The more important an issue, the less directly he liked to approach it, and he always preferred it when the first formulation of the proposal he favored came out of someone else's mouth. "How important do you think it is that X?" he would ask, and once assured that X was indeed important, he would ask another question, and another, until eventually someone would be led to propose that in order to make it more likely that Y, which would be an important pre-requisite for X, we should approach Z for help with doing W. "For heaven's sake, Antonio," I once remonstrated, "why don't you just propose W and be done with it?! Wouldn't it save time?" But he never did, I think because he knew that it would not actually save time. Sometimes I called him Socrates; he would laugh that I had seen through him, but he never abandoned his Socratic approach.
He livened up any gathering he was in, either through conversation -- he was consistently amused by the descriptions of dishes on American menus, and wondered how a restaurant could make money by telling its patrons so bluntly that it didn't think they were well enough educated about food to know what the names of standard dishes meant -- or through other means. If the local organizer of an ALLC conference was a woman, he always ended the closing session by embracing her and kissing her on the cheek; otherwise he tended to shoo Susan Hockey toward the local organizer, encouraging her (somewhat against her somewhat more reserved instincts) to do the same. I seem to remember he got great amusement from trying to make Nancy Ide sing a song called "Oh Sir Jasper do not touch me" (in which the same line is repeated for each verse, dropping one more word from the end each time around, until in the last stanza the line is just "Oh"). I don't believe he got his way that evening, but his charm was such that he often did get his way, even when it involved persuading total strangers to drop everything and do things for him. Five minutes after his first arrival at my home, my wife had put supper on hold and was wrapping a package for him to mail to Italy. An hour after the end of a TEI steering committee meeting in Chicago, the concierge at his hotel had succeeded in getting him a ticket to a Stanley Cup playoff game that had been sold out for weeks (he told me he had played goalie in his youth).

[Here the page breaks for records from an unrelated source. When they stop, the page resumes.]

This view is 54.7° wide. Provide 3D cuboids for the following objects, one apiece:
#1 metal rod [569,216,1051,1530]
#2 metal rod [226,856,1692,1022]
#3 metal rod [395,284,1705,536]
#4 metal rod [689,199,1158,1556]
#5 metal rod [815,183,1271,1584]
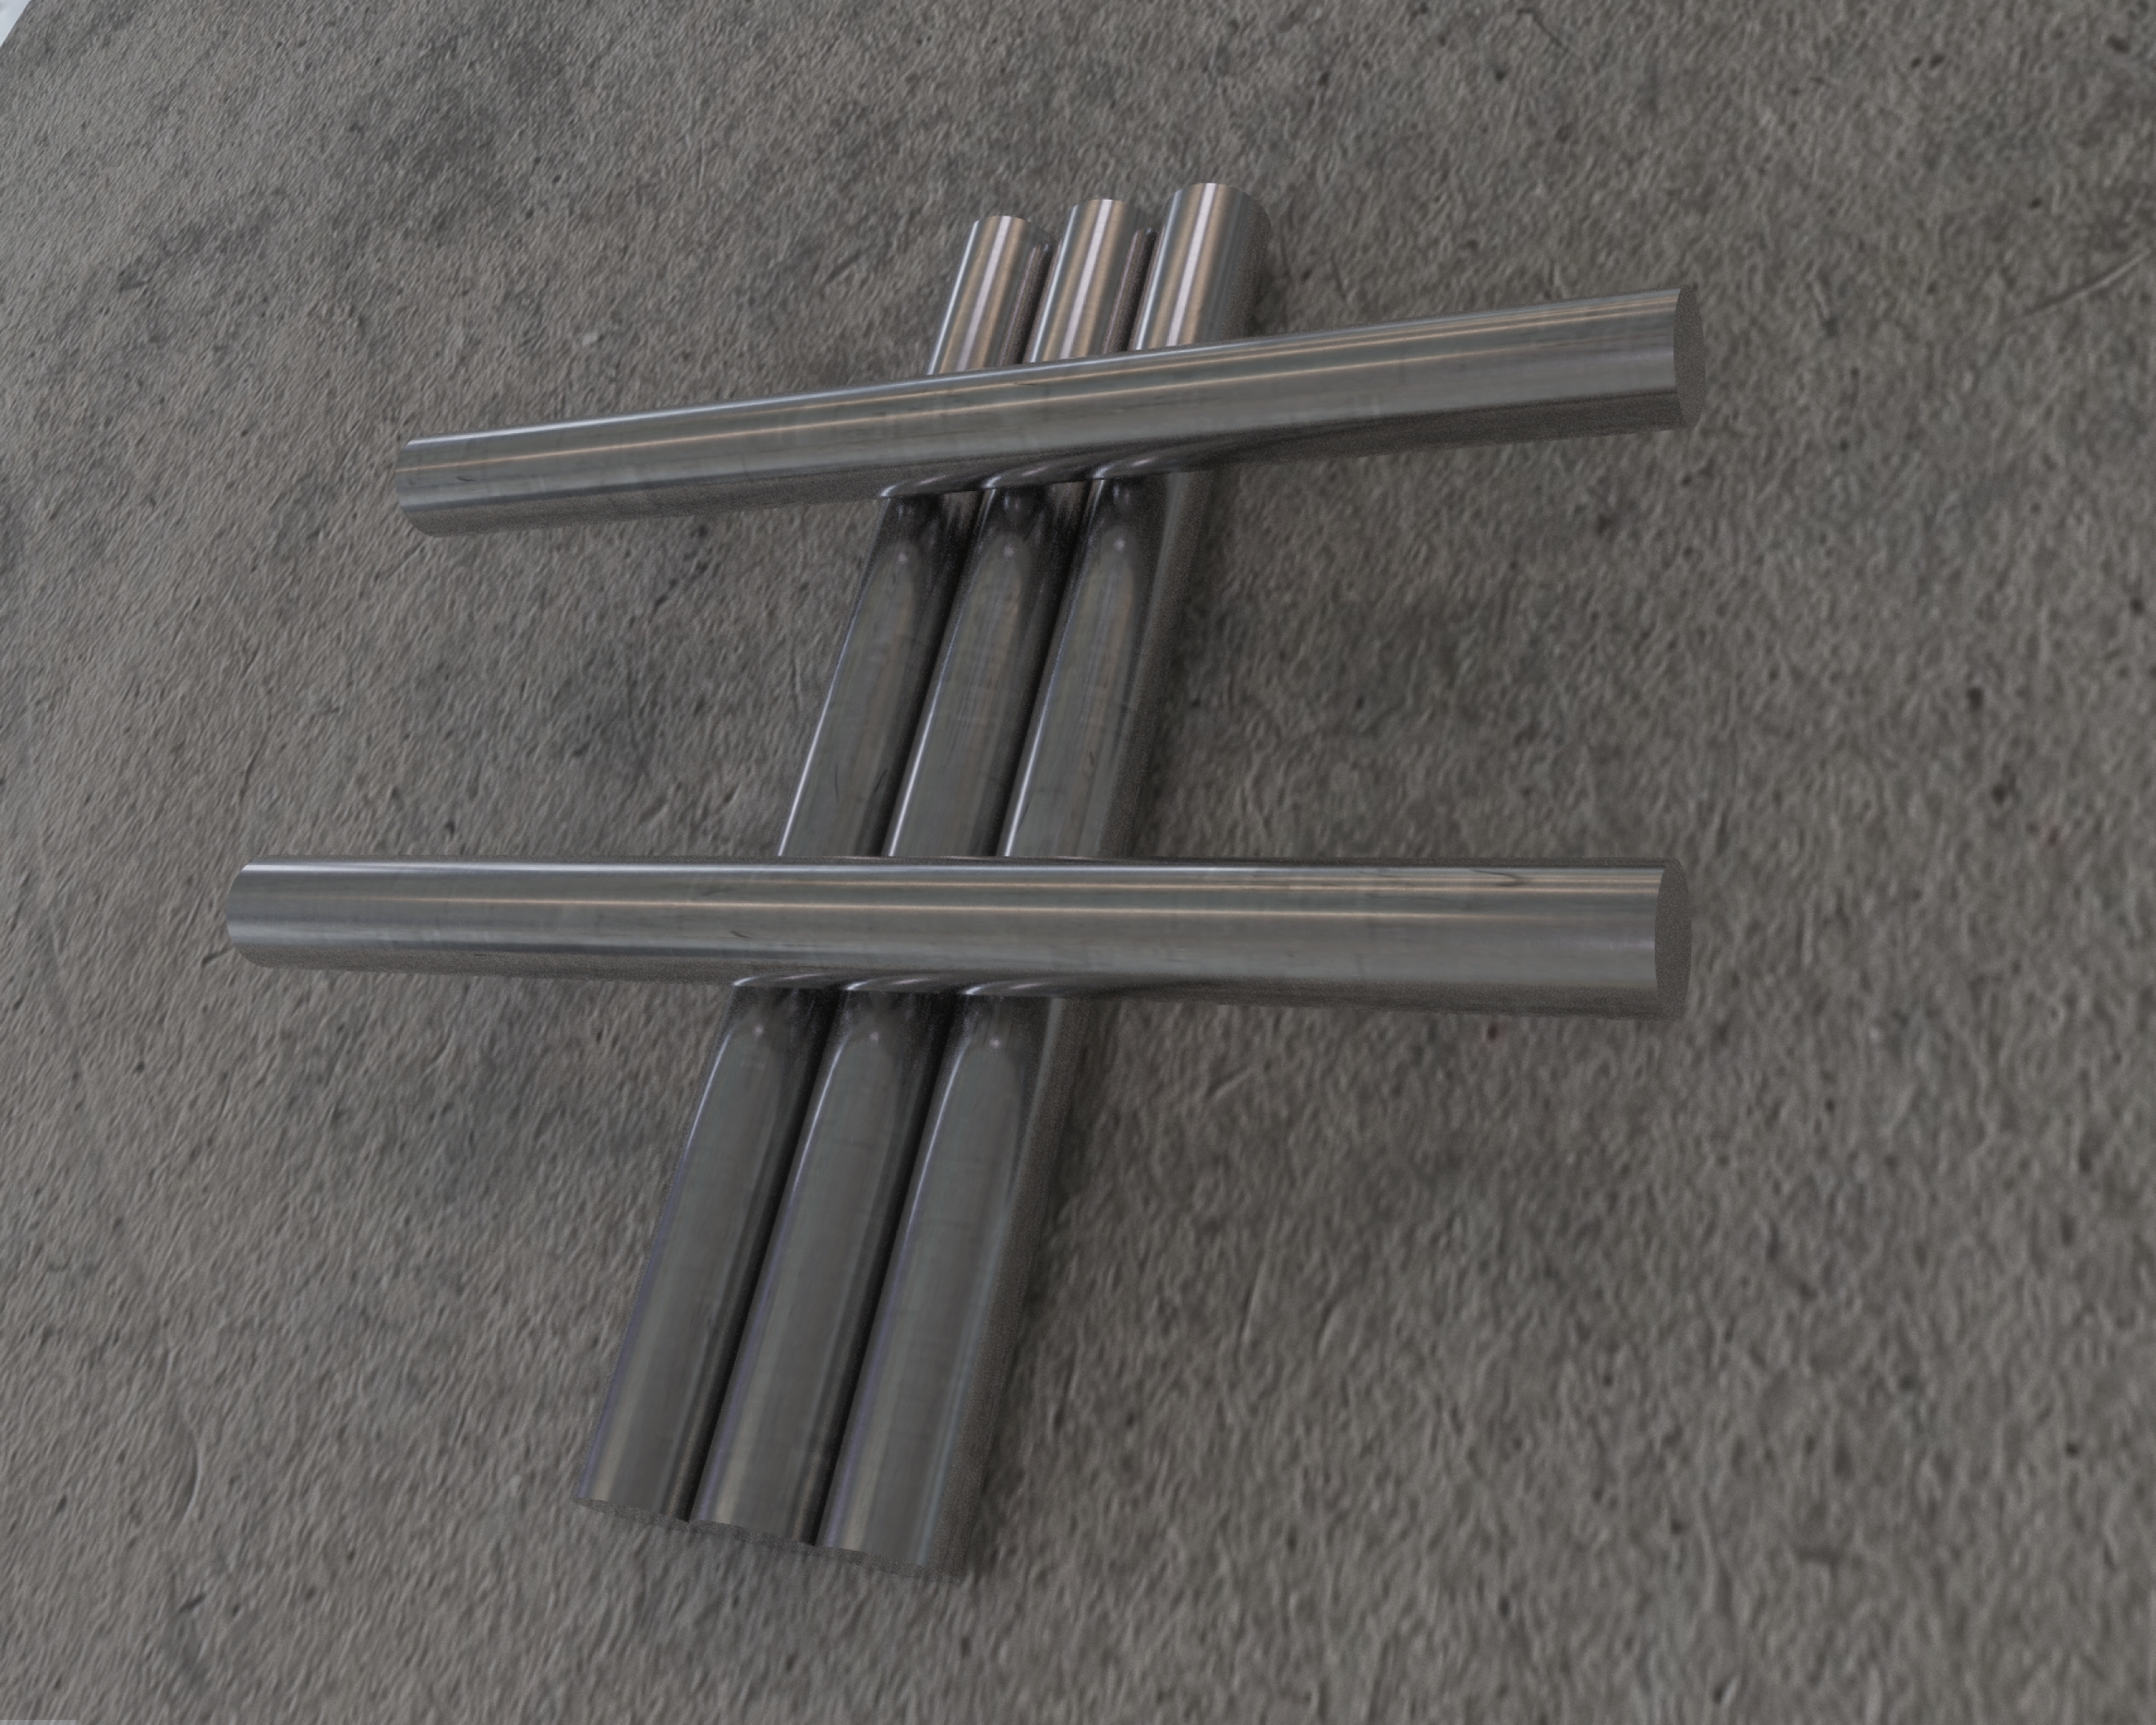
[{"bbox_3d":[-0.047,-0.015,0.437,0.025,0.025,0.300,-1,61,28],"label":"metal rod"},{"bbox_3d":[-0.043,0.011,0.385,0.300,0.025,0.025,0,62,28],"label":"metal rod"},{"bbox_3d":[-0.025,-0.090,0.438,0.300,0.025,0.025,1,62,28],"label":"metal rod"},{"bbox_3d":[-0.023,-0.015,0.425,0.025,0.025,0.300,-1,61,28],"label":"metal rod"},{"bbox_3d":[0.000,-0.014,0.412,0.025,0.025,0.300,-1,61,28],"label":"metal rod"}]

In the late 1980s, he single-handedly arranged for financial support for European participation in the TEI by twisting arms in the European Commission (or at least, it looked single-handed to me), and although he made himself a perfect pest in discussions of the TEI budget, he was ingenious in finding ways to stretch our resources. His active English was rather hesitant at the beginning of the project, and from time to time we tried to persuade him to say crucial things in French (his French was very good) so we could understand what he was saying. Over the years, as he collaborated more and more with American researchers, his English got better and better; I heard indirectly that some of his European colleagues joked that he was practically becoming an American. I don't think that was so, but he was always alert to the opportunities and necessity for international cooperation, including cooperation across the Atlantic and across the Pacific, and he was a master at finding ways to make things happen. One of the many things he helped make happen was the TEI, for which all who care about the TEI owe him gratitude.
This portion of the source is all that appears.